Not that they’d call what they do “conversion therapy.” That term lacks a precise definition, but it is used colloquially to describe attempts to shift a person’s sexual orientation or gender identity. In the 1960s, some psychologists tried to make gay men straight by pairing aversive stimuli, like electric shocks or chemically induced nausea, with images of gay porn—techniques that ran the risk of causing serious psychological damage even as they failed to change participants’ sexual orientation, researchers eventually concluded. Today, “conversion therapy” generally takes the form of verbal counseling. Participants are typically conservative Christians who engage voluntarily—motivated by internalized stigma, family pressure, and the belief that their feelings are incompatible with their faith. Others are children, brought into therapy by their parents.
The American Psychological Association (APA) has concluded that conversion therapy lacks “sufficient bases in scientific principles” and that people who have undergone it are “significantly more likely to experience suicidality and depression.” Similarly, the Substance Abuse and Mental Health Services Administration (SAMHSA), part of the Department of Health and Human Services, published a report concluding that “none of the existing research supports the premise that mental or behavioral health interventions can alter gender identity or sexual orientation. Interventions aimed at a fixed outcome, such as gender conformity or heterosexual orientation…are coercive, can be harmful, and should not be part of behavioral health treatment.”
Accordingly, the Alliance and the ideas it promotes have been relegated to the scientific and political fringes. In the 2010s, as acceptance of gay rights grew rapidly, 18 states and dozens of local governments passed laws forbidding mental health professionals from attempting conversion therapy on minors. Yet by 2020, a new front had opened in the war against LGBTQ people. Republican state legislatures started passing laws targeting transgender and nonbinary children at school—restricting their access to bathrooms, barring them from participating in sports, and stopping educators from teaching about sexual orientation or gender identity. The most intense attacks have banned doctors from providing the treatments for gender dysphoria backed by all major US medical associations. Nearly 114,000 trans youth live in states where access to puberty blockers and hormone therapy has been wiped out.
Last year, I received leaked emails illustrating how these laws are crafted and pushed by a network of anti-trans activists and powerful Christian-right organizations. The Alliance is deeply enmeshed in this constellation of actors. Although small, with an annual budget of under $200,000, it provides both unsubstantiated arguments suggesting LGBTQ identities are changeable and a network of licensed counselors to lend their credibility to these efforts. Among the collaborators were David Pickup, the Alliance’s president-elect; Laura Haynes, an Alliance advocate; and Cretella, the former executive director of an anti-trans pediatrics group who described gender-affirming medical care at the Las Vegas conference as “evil” and part of a “New World Order.” (“I’m not a conspiracy theorist,” she assured attendees. “I’m just someone who has been in the battle of the culture of life versus the culture of death long enough to see the big picture.”) All three have testified before state legislatures against gender-affirming care. When a US senator introduced a pair of bills to restrict trans youth health care in 2021, his press release quoted Cretella calling gender-affirming treatments “eugenics.”
[...]
If the Las Vegas conference made one thing clear, it’s that conversion therapy is alive and well, even in places where it’s been banned. One counselor told me he makes it a habit not to document his treatment plans in writing to avoid getting in trouble and simply treats “family dynamics” in states with conversion therapy bans. In a 2015 survey of more than 27,000 trans adults, nearly 1 in 7 said that a professional, such as a therapist, doctor, or religious adviser, had tried to make them not transgender; about half of respondents said they were minors at the time. By applying this rate to population estimates, the Williams Institute at UCLA projects that more than 135,000 trans adults nationwide have experienced some form of conversion therapy.

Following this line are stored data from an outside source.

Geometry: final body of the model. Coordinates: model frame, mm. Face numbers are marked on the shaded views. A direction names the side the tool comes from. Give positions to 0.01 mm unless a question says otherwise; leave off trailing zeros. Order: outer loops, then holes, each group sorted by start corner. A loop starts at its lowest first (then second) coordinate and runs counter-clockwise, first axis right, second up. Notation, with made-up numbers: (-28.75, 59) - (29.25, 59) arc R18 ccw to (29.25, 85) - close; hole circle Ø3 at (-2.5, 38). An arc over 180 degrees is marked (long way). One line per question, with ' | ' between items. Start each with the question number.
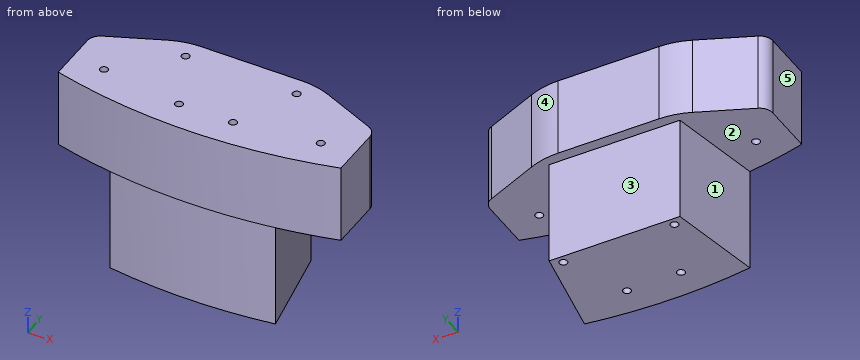
from build123d import *

# Parameters (mm, degrees)
F1_DEPTH = 30
F2_R     = 1.5
F3_DEPTH = 30.001
F4_R     = 28.5239911769
F5_R     = 5
F7_R     = 1.5
F8_DEPTH = 40


with BuildPart() as f1:
    # F0 (on Top) → F1 (new body)
    with BuildSketch(Plane.XY):
        with BuildLine():
            Line((-53.4347956585, -180.2462832153), (-53.4347956585, -203.0879676715))
            ThreePointArc((-53.4347956585, -203.0879676715), (0, -210), (53.4347956585, -203.0879676715))
            Line((53.4347956585, -203.0879676715), (53.4347956585, -180.2462832153))
            Line((53.4347956585, -180.2462832153), (25, -168))
            Line((25, -168), (0, -168))
            Line((0, -168), (-25, -168))
            Line((-25, -168), (-53.4347956585, -180.2462832153))
        make_face()
    extrude(amount=F1_DEPTH)

    # F2 (on face) → F3 (cut, through all)
    with BuildSketch(Plane.XY.offset(30)):
        with Locations((-61.4929363222, -189.1117421473)):
            Circle(F2_R)
        with Locations((-116.9707156809, -160.8515617902)):
            Circle(F2_R)
        with Locations((-161.0003432552, -116.8309564779)):
            Circle(F2_R)
        with Locations((-189.2718923255, -61.3589697679)):
            Circle(F2_R)
        with Locations((-199.0179466895, 0.1344137845)):
            Circle(F2_R)
        with Locations((61.4958267934, -189.0991398316)):
            Circle(F2_R)
        with Locations((116.9678135034, -160.8275907612)):
            Circle(F2_R)
        with Locations((160.9884188157, -116.7979631869)):
            Circle(F2_R)
        with Locations((189.2485991728, -61.3201838282)):
            Circle(F2_R)
        with Locations((198.9820512211, 0.175195735)):
            Circle(F2_R)
        with Locations((-20.9999999994, -175.0021517963)):
            Circle(F2_R)
        with Locations((-40.9903269079, -194.4499816389)):
            Circle(F2_R)
        with Locations((-10.2028351662, -198.7382755147)):
            Circle(F2_R)
        with Locations((20.9999997802, -174.9978481734)):
            Circle(F2_R)
        with Locations((10.2076995225, -198.7361841041)):
            Circle(F2_R)
        with Locations((40.9943117987, -194.4415809015)):
            Circle(F2_R)
    extrude(amount=-F3_DEPTH, mode=Mode.SUBTRACT)

    # F4
    f4_edges = [f1.edges().sort_by_distance(p)[0] for p in [
        (25, -168, 15),
        (-25, -168, 15),
    ]]
    fillet(f4_edges, radius=F4_R)

    # F5
    f5_edges = [f1.edges().sort_by_distance(p)[0] for p in [
        (53.434796, -180.246283, 15),
        (-53.434796, -180.246283, 15),
    ]]
    fillet(f5_edges, radius=F5_R)

    # F7 (on face) → F8 (join)
    with BuildSketch(Plane(origin=(0, 0, 0), x_dir=(1, 0, 0), z_dir=(0, 0, -1))):
        with BuildLine():
            ThreePointArc((31.2604393052, 207.6602632533), (0, 210), (-31.2604393052, 207.6602632533))
            Line((-31.2604393052, 207.6602632533), (-24.7243543685, 172.0646172762))
            Line((-24.7243543685, 172.0646172762), (0, 172.0646172762))
            Line((0, 172.0646172762), (24.7243543685, 172.0646172762))
            Line((24.7243543685, 172.0646172762), (31.2604393052, 207.6602632533))
        make_face()
        with Locations((-20.9999999994, 175.0021517963)):
            Circle(F7_R, mode=Mode.SUBTRACT)
        with Locations((20.9999997802, 174.9978481734)):
            Circle(F7_R, mode=Mode.SUBTRACT)
        with Locations((-10.2028351662, 198.7382755147)):
            Circle(F7_R, mode=Mode.SUBTRACT)
        with Locations((10.2076995225, 198.7361841041)):
            Circle(F7_R, mode=Mode.SUBTRACT)
    extrude(amount=F8_DEPTH)


solid = f1.part
(1) Cut plane D-D, the plane x = -37. Return the cut outline in (y, z), plus the area to 3 significant figures.
(2) Access query for the marked faces 1, 2 and 3. Directions: +Z, -Z, +X, -X, +Y, -Y. A direction counts if a zero-diameter tool reaches every point of the face in a straight line with its end or side. Return the directions, or none.
(3) Pull-direction query (Y, two-part tool) for the marked faces 4 and 5; classes: +Y half, -Y half, draft (parallel to the pull), parting line (faces both ways), or undercut.
(4) Material intervals for line 1 along X through (y, z) = (-195.5, 15); line 2 along Y through (x, z) = (11, -11); line 3 along Y through (x, z) = (1, -17.5), sorted ascending. Write a range as from..to.
(5) Cut plane B-B, the plane z = -25. Return the cut outline in (x, y), plus the area to 3 significant figures.
(6) Contact query for flat-ended pins moving along their axis: P1, Ø20, axis at x = 1.5, z = -18.5, coming from the +Y side; P2, Ø1, axis at x = 19, z = 17.5, coming from the -Y side; P3, Ø1, axis at x = -22.5, z = 19, coming from the +Y side. Output: stop coordinate, or through.
(7) Cut plane A-A, the plane x = -21. Return the cut outline in (y, z), plus the area to 3 significant figures.
(8) Cut plane C-C, the plane y = -191. Return the cut outline in (x, z).
Results are:
1) outline: (-206.71, 0) - (-173.17, 0) - (-173.17, 30) - (-206.71, 30) - close | area: 1,010 mm2
2) face 1: -Z, -X, +Y | face 2: -Z, +Y | face 3: -Z, +X, -X, +Y
3) face 4: +Y half | face 5: draft
4) line 1: -53.43..-42.06, -39.92..39.93, 42.06..53.43 | line 2: -209.71..-200.01, -197.46..-172.06 | line 3: -210..-172.06
5) outline: (-31.26, -207.66) arc R210 ccw to (31.26, -207.66) - (24.72, -172.06) - (-24.72, -172.06) - close; hole circle Ø3 at (-21, -175); hole circle Ø3 at (-10.2, -198.74); hole circle Ø3 at (10.21, -198.74); hole circle Ø3 at (21, -175) | area: 2,060 mm2
6) P1: y = -172.06 | P2: y = -209.18 | P3: y = -168.15
7) outline: (-208.95, -40) - (-176.5, -40) - (-176.5, 30) - (-208.95, 30) - close; (-173.5, -40) - (-172.06, -40) - (-172.06, 0) - (-168.06, 0) - (-168.06, 30) - (-173.5, 30) - close | area: 2,490 mm2
8) outline: (-53.43, 0) - (-28.2, 0) - (-28.2, -40) - (28.2, -40) - (28.2, 0) - (53.43, 0) - (53.43, 30) - (-53.43, 30) - close

Despite the data, lawmakers frequently don’t believe that conversion therapy is still happening in their community, says Casey Pick, director of law and policy at the Trevor Project, the LGBTQ suicide prevention group. “We’re constantly running up against this misconception that this is an artifact of the past,” she says. So, five years ago, the Trevor Project began scouring psychologists’ websites and books, records of public testimony, and known conversion therapy referral services, looking for counselors who said they could alter someone’s gender identity or sexual orientation. As the research stretched on, Pick noticed webpages being revised to reflect changing times. “We saw many folks who seemed to leave the industry entirely,” she says. “But others changed their website, changed their keywords, [from] talking about creating ex-gays to talking about ex-trans.” Last December, Pick’s team published their report documenting active conversion therapists. They found more than 600 were licensed health care professionals and an additional 716 were clergy, lay ministers, or other unlicensed religious counselors.
According to Pick, some conversion therapists have embraced a new label for what they do: “gender exploratory therapy.” It’s a term that Cretella used to describe the approach she recommended, and unlike the other euphemisms thrown around at the conference, this has gained traction. In 2021, a group of therapists, who ranged from conflicted about medical interventions for kids with gender dysphoria to skeptical of the very concept of transgender identity, formed the Gender Exploratory Therapy Association (GETA) to promote an approach they characterize as neither conversion nor affirmation.
Some current and former leaders of the group, which claims a membership of 300 mental health providers, have been involved in influential organizations lobbying against gender-affirming care across the world, such as the Ireland-based Genspect and the Society for Evidence-Based Gender Medicine, a nonprofit registered in Idaho. They’ve notched some big wins: In November 2023, the UK Council for Psychotherapy—the nation’s top professional association—declared that it was fine for counselors to take GETA’s “exploratory” approach to gender. This April, a long-awaited review of gender-related care for youth in England’s National Health Service endorsed exploratory therapy, according to Alex Keuroghlian, an associate psychiatry professor at Harvard Medical School. And in the United States, in cases in which families of trans children have sued states for banning gender-affirming care, the state often calls expert witnesses who endorse “exploratory” psychotherapy as their preferred alternative treatment.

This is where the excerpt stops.